Even more promising for advocates is data showing the public would like to see these networks created as a check on telecoms providing poor service. According to a Pew Research Center poll, 70 percent of more than 4,000 Americans surveyed, local governments should have the right to create high-speed networks if current offerings are “too expensive or not good enough.”

Those arguing for and against municipal broadband often clash on cost. Proponents point out that a public system that isn’t beholden to shareholders can offer cheaper service and provide high-speed offering to remote and rural areas overlooked by big companies. Opponents, especially the telecom companies themselves, argue that long-term maintenance costs, and the need for future upgrades, places an unsustainable financial burden of local governments, who know nothing about maintaining a broadband network.

The pro-public case study most cited is Chattanooga, Tennessee, where a citywide service has been credited as a catalyst for the city’s tech scene. The municipality’s Electric Power Board set up a fiber-optic network in 2010, and now offers the service, which gets excellent ratings from Consumer Reports, for $70 a month. The city’s former mayor, Ron Littlefield, told Vice Motherboard that the service acted as an incentive and subsidy for small businesses and startups. Before the city built its own system, it had to accept whatever was offered.

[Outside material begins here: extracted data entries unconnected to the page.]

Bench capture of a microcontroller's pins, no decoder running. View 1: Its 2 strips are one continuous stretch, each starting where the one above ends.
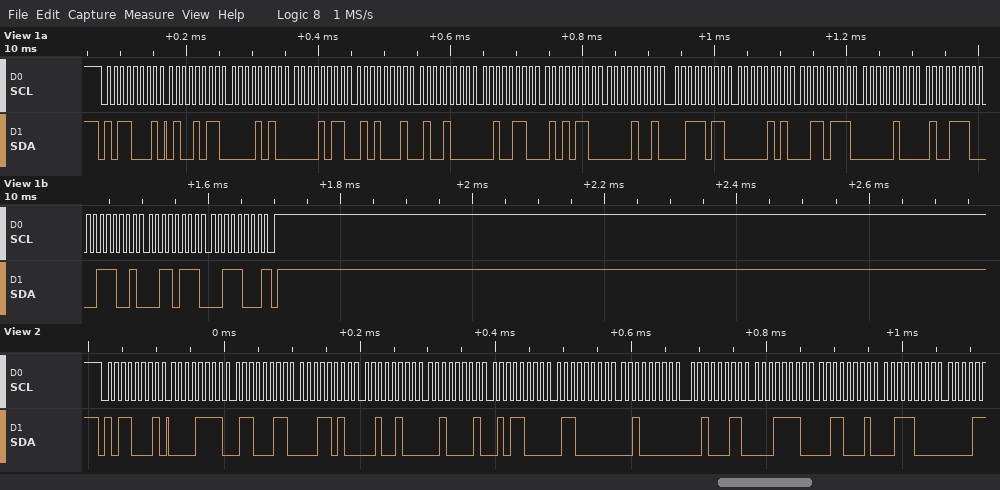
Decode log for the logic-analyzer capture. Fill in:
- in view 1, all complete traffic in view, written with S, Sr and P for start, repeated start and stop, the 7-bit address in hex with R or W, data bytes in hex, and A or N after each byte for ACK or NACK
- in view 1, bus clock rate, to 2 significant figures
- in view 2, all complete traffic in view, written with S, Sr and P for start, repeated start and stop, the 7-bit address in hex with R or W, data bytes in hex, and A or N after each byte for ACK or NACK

S 58R A 4B A 0A A 0B A 51 A 48 A 26 A 56 A 09 A 3B A 05 A 37 A 04 A 4E A 39 A 37 A 38 N P
100 kHz
S 58R A 0F A 63 A 1A A 24 A 21 A 58 A 60 A 20 A 23 A 1E A 31 A 38 A
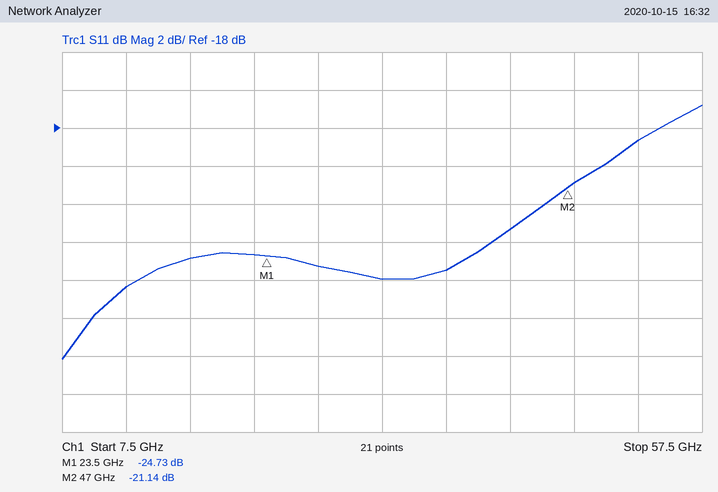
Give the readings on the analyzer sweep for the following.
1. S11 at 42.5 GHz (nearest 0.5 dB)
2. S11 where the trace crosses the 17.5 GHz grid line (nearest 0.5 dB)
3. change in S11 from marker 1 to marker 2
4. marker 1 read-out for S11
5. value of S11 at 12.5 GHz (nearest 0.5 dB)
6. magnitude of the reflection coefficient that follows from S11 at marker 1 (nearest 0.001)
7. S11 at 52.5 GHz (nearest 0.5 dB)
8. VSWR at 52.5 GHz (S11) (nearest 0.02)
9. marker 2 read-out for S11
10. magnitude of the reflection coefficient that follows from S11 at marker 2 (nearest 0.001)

-23.5 dB
-25.0 dB
3.59 dB
-24.73 dB
-26.5 dB
0.058
-18.5 dB
1.26
-21.14 dB
0.088

“We didn’t rate with Comcast because we were a small market,” says Littlefield. “By virtue of that, we had little say over what service we were receiving.”

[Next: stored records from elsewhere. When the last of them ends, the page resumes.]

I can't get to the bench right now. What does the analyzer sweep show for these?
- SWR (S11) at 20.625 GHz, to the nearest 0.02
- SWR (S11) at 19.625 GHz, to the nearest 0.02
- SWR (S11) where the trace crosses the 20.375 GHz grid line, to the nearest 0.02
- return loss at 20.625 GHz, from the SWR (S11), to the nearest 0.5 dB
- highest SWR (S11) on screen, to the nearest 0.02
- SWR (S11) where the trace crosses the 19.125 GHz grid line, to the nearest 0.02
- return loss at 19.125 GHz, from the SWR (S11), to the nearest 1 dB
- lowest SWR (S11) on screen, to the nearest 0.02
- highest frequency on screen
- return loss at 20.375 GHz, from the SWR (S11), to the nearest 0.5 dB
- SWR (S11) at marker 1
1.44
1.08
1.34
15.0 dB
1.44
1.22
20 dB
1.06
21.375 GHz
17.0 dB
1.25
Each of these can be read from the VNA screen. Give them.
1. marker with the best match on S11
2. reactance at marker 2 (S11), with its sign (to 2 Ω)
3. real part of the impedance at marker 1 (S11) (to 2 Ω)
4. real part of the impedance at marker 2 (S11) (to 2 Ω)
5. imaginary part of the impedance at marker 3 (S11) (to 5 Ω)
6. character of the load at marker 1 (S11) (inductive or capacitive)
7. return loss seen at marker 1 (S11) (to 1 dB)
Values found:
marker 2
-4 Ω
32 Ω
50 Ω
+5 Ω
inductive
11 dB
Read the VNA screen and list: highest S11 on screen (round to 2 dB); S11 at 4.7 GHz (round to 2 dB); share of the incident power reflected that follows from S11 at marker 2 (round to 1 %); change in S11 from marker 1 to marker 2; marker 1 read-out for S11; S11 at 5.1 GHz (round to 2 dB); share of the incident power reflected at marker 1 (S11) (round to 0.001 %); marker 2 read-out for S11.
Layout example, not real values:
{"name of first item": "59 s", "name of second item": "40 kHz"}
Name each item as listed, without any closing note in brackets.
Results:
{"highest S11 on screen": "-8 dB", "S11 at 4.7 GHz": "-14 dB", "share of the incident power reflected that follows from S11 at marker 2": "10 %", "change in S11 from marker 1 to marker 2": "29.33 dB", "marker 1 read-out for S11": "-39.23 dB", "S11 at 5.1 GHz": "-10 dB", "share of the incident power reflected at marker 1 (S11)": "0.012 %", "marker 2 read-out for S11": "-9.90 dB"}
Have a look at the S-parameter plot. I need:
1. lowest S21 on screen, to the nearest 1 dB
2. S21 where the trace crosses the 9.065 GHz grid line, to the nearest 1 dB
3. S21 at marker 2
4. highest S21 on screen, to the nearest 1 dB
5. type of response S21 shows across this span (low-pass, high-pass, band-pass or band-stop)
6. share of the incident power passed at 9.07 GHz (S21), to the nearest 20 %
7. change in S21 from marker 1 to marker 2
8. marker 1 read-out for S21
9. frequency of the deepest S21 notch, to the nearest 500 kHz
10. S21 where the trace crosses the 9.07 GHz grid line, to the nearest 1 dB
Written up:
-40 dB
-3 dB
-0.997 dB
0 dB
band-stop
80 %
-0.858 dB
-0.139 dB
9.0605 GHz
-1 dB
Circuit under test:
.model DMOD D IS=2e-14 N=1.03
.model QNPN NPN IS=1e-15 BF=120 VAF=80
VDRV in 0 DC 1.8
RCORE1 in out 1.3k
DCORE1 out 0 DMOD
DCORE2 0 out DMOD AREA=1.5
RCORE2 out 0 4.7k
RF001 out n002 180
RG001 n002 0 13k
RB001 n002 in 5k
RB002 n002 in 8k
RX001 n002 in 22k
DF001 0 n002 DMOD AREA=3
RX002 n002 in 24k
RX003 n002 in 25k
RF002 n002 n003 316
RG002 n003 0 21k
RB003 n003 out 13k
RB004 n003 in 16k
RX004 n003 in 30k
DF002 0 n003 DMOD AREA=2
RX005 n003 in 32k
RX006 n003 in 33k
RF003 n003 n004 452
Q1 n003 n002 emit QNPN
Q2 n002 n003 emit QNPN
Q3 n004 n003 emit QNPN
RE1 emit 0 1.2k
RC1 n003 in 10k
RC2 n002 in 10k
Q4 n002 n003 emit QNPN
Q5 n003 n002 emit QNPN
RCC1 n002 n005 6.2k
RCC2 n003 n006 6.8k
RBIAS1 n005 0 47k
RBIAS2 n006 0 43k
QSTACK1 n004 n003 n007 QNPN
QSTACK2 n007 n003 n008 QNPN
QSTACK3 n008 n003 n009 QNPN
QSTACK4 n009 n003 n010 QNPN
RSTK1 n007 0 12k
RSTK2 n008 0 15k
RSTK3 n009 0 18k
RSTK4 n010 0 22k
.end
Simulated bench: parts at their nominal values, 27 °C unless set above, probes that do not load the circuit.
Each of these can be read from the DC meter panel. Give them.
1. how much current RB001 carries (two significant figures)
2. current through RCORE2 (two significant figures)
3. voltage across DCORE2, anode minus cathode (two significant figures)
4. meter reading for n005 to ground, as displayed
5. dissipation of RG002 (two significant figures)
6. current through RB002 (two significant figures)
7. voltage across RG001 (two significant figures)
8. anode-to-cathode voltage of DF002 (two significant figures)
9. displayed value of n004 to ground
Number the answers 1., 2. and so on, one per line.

Municipal networks can also offer huge boosts to underserved communities. CityNet, a public network in Santa Monica, California, prioritized connecting affordable housing sites, and offers students at a handful of buildings desktops and free broadband to help them do homework.

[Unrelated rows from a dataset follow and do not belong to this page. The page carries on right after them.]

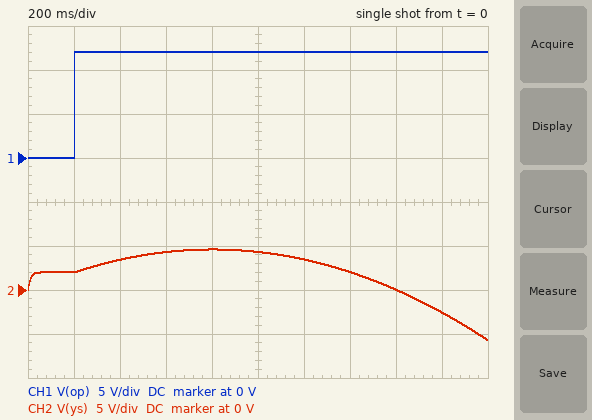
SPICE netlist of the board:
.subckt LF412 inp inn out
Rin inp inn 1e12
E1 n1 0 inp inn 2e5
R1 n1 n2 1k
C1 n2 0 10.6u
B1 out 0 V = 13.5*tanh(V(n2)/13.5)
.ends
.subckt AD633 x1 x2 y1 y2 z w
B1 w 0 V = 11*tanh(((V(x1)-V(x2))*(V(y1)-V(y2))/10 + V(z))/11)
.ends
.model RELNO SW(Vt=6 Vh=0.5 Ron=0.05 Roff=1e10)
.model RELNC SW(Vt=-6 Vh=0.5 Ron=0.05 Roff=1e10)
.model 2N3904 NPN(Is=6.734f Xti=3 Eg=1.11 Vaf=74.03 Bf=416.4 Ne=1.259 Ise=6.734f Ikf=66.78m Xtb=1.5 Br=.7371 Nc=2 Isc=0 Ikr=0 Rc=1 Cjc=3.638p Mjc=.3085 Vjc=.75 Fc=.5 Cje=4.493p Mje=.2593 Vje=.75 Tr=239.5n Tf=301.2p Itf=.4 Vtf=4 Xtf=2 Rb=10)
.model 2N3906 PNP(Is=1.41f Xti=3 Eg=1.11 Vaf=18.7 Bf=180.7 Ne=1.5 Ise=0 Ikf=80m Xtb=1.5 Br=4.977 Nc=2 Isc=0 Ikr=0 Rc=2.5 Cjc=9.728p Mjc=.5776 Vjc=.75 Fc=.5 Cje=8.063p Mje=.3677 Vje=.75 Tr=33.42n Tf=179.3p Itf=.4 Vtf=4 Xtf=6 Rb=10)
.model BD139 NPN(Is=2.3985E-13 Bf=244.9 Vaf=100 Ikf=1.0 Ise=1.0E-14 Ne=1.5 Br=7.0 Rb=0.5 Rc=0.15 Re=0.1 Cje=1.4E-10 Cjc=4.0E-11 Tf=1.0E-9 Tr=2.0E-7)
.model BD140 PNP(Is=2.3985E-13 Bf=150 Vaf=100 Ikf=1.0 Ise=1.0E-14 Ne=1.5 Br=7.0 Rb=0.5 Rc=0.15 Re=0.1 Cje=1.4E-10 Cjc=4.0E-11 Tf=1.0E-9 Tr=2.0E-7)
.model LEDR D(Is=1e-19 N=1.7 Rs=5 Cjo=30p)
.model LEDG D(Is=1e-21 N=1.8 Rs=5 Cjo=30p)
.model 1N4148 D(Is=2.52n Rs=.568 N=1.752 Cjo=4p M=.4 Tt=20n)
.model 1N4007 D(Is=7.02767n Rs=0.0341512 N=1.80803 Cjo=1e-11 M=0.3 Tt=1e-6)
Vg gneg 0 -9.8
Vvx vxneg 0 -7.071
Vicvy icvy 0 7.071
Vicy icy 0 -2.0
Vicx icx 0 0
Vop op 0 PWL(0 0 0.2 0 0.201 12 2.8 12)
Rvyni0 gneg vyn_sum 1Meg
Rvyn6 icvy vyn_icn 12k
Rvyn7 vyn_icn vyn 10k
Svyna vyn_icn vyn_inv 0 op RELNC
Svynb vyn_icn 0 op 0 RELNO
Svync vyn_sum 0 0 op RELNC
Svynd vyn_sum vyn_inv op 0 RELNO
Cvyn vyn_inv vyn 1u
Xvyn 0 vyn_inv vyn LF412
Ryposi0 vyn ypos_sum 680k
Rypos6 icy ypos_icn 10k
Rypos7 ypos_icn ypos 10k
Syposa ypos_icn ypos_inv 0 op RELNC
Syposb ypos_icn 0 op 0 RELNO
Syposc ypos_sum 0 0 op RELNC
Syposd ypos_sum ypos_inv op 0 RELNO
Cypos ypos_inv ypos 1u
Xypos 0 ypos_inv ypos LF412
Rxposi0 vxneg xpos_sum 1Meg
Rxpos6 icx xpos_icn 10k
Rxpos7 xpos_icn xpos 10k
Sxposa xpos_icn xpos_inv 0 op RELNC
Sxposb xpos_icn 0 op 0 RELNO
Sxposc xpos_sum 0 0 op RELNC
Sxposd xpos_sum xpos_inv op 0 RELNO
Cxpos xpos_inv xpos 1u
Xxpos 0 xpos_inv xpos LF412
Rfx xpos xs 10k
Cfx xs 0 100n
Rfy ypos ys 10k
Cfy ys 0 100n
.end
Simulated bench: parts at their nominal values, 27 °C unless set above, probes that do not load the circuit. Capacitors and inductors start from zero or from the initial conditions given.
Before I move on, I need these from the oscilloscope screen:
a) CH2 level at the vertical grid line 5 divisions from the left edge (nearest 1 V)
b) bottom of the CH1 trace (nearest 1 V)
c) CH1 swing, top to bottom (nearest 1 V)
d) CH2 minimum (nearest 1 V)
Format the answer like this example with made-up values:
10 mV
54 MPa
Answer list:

Opponents point to expensive boondoggles where city efforts to startup systems failed and cost taxpayers millions. The iProvo network in Utah, a $39 million investment, ended up being sold to Google for $1 after failing to catch hold. And a recent analysis by the University of Pennsylvania found that, of the 20 public services that provided financial records between 2010 and 2014, 11 had negative cash flow, suggesting the economics, and long-term viability, aren’t nearly as easy many may imagine.

In much of the country, the playing field for cities trying to create their own broadband network is far from level. More than 20 states have passed laws that restrict the formation of municipal broadband networks. And as the debate plays out in municipalities across the country, cities and small towns often run up against well-funded political campaigns by telecom giants.

This past fall, Fort Collins, Colorado, passed a resolution to authorize the creation of a city-wide broadband network, battling an industry campaign that outspent advocates roughly $900,000 to $15,000 (Mayor Wade Troxell was encouraged by the results, especially considering the “headwinds of incumbents trying to misinform the electorate).

In the recent Seattle mayoral race, Comcast and CenturyLink, two broadband providers, donated $25,000 each to a political group that explicitly fought against the formation of a publically owned municipal broadband network, a policy plank of the losing candidate. Even the Koch brothers, the deep pocketed conservative donors, are involved, helping to bankroll the Taxpayer’s Protection Alliance, which helped defeat a municipal network proposal in Louisville, Kentucky.

The industry pushback against these efforts seems particularly anti-competitive and anti-consumer at a time when access to fast and affordable internet service is considered necessary to compete in today’s economy. Despite sometimes uphill battles, there are many other plans in the works—even New York City is considering the idea. Local governments should have the freedom to provide their residents with alternatives that hopefully spur additional competition, according to groups such as Consumers Union, the policy and mobilization arm of Consumer Reports.

“At this point, who would go to a city that doesn’t have electric utilities?” Louisville chief of civic innovation Grace Simrall told Wired. “Who would go to a city that doesn’t have water, or access to highways? Fiber is that type of infrastructure plan.”